=== TASK DIRECTIONS ===
Print the listing as it stands, omitting all images.

=== INFORMATION PROVIDED ===

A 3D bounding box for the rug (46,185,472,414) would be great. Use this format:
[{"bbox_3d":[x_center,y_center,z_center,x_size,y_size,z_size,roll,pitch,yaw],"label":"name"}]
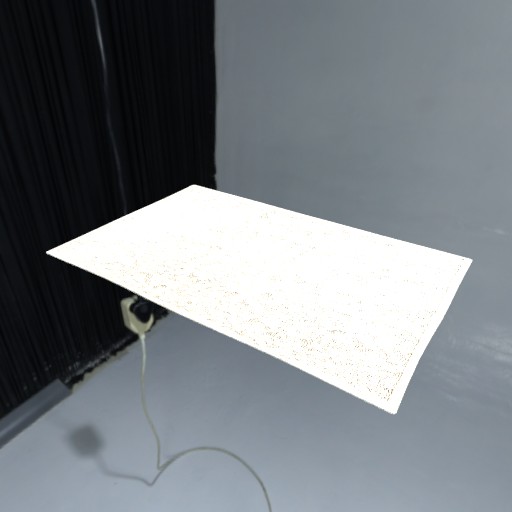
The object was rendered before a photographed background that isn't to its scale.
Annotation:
[{"bbox_3d":[0.000,0.000,2.978,2.435,0.012,1.529,19,35,29],"label":"rug"}]
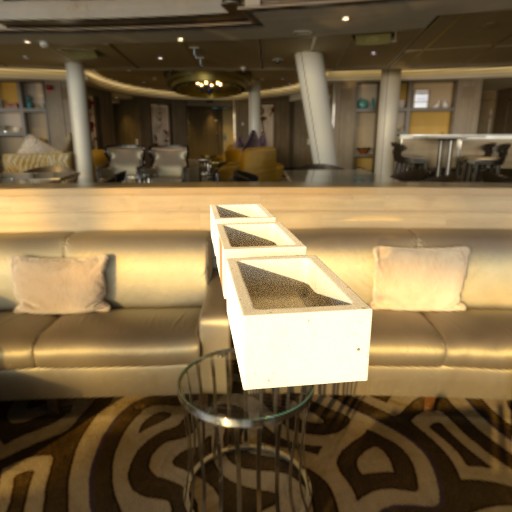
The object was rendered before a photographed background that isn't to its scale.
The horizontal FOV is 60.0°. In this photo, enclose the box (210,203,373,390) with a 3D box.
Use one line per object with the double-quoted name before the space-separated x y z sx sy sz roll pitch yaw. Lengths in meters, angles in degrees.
"box" 0.000 0.000 0.497 0.082 0.051 0.461 -2 15 -8

=== ANSWER BOX ===
A 3D bounding box for the rug (46,185,472,414) would be great. Use this format:
[{"bbox_3d":[x_center,y_center,z_center,x_size,y_size,z_size,roll,pitch,yaw],"label":"name"}]
The object was rendered before a photographed background that isn't to its scale.
Annotation:
[{"bbox_3d":[0.000,0.000,2.978,2.435,0.012,1.529,19,35,29],"label":"rug"}]
The object was rendered before a photographed background that isn't to its scale.
The horizontal FOV is 60.0°. In this photo, enclose the box (210,203,373,390) with a 3D box.
Use one line per object with the double-quoted name before the space-separated x y z sx sy sz roll pitch yaw. Lengths in meters, angles in degrees.
"box" 0.000 0.000 0.497 0.082 0.051 0.461 -2 15 -8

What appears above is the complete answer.